Tous ces médicaments ont une action vasorégulatrice
qui répond au mécanisme physiopathologique
de l'algodystrophie, la calcitonine ayant de plus une
action antalgique (contre le douleur) propre et un effet
de blocage de la résorption osseuse.
La corticothérapie orale est peu utilisée
en France, mais les Anglo-Saxons et les Suisses la prescrivent
parfois à dose moyenne (20 à 30 mg/j), dégressive,
sur 15 jours à 1 mois.
Le pamidronate, qui est un bisphosphonate puissant, a
été proposé du fait de son analogie
de mode d'action vis-à-vis du tissu osseux avec
les calcitonines.
Malheureusement, les résultats d'une étude
contrôlée contre placebo (un groupe de personnes
prend le médicament alors qu'un autre groupe prend
une substance inactive, chacun ignorant ce qu'il a absorbé)
n'ont pas confirmé l'efficacité de cette
molécule au cours de l'algodystrophie.
Blocs sympathiques
Lorsque ces différents traitements ont échoué,
les algodystrophies rebelles peuvent bénéficier
de traitements plus lourds.
Les blocs sympathiques régionaux à la guanéthidine
sont utilisés depuis quelques années.
On réalise en général 2 à
6 blocs successifs sur quelques jours.
Thérapeutiques physiques
À côté du traitement médicamenteux,
les thérapeutiques physiques gardent une place
importante.
La kinésithérapie peut être proposée
précocement en respectant strictement la règle
de la non-douleur.
Elle consiste en une mobilisation (mise en mouvement)

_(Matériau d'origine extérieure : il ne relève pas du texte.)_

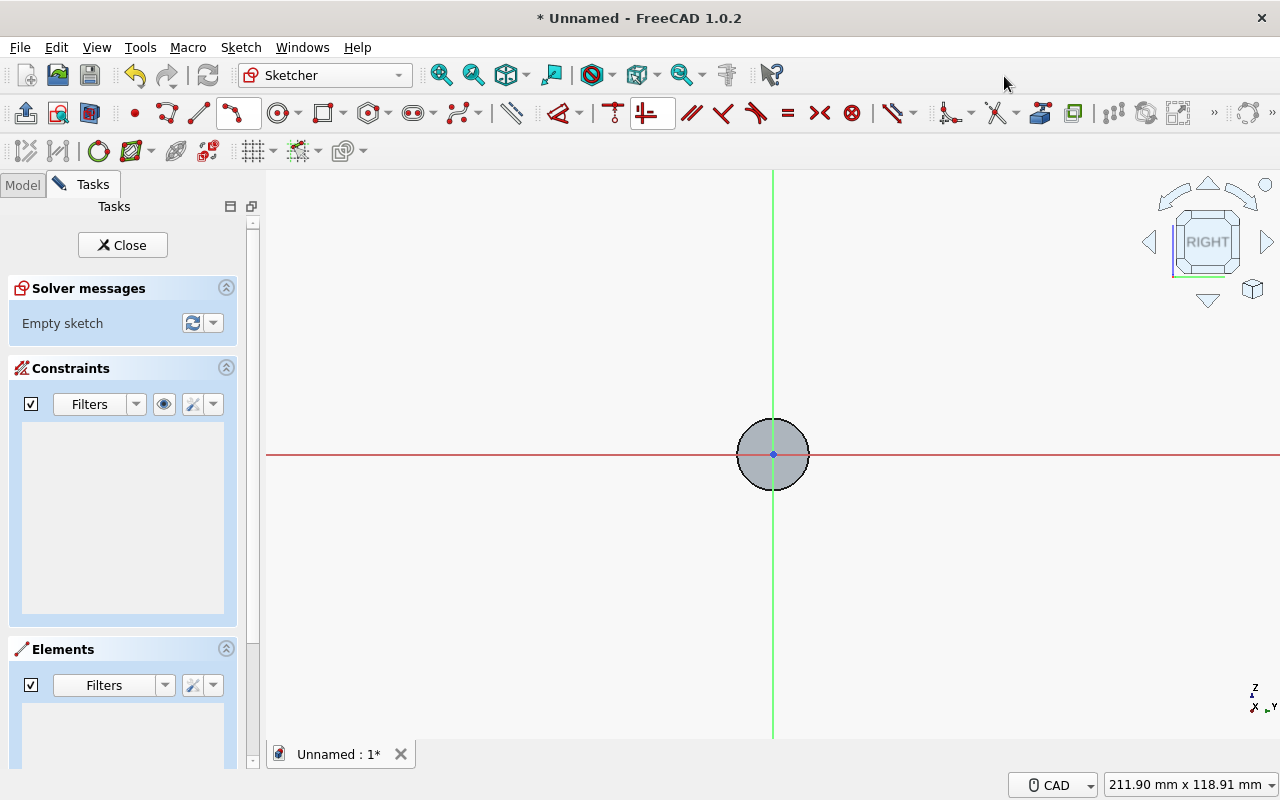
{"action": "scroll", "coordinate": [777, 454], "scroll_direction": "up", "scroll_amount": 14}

passive puis active douce, éventuellement associée
à des massages.
La balnéothérapie (bains écossais
alternant exposition au chaud et au froid de la région
touchée) et la physiothérapie peuvent également
être efficaces.
Prise en charge psychologique en prescrivant si besoin
des anxiolytiques et (ou) des antidépresseurs tricycliques.
Plus récemment le traitement de l'algodystrophie
A fait appel à la vitamine C qui pourrait donner
de bons résultats d'après une étude
de Zollinger.
Les anti-TNF alpha tel que l'Infliximab , (étude
de Huygen dans Nature 2004) pourrait également
apporter de bons résultats.
La gabapentine a également été utilisée
comme stabilisant (anti-épileptique) de membrane
neuronale.
Un des derniers médicaments en date à être
utilisé à été la kétamine
mais les effets secondaires dus à cette molécule
sont quelquefois importants (perturbations psychologiques).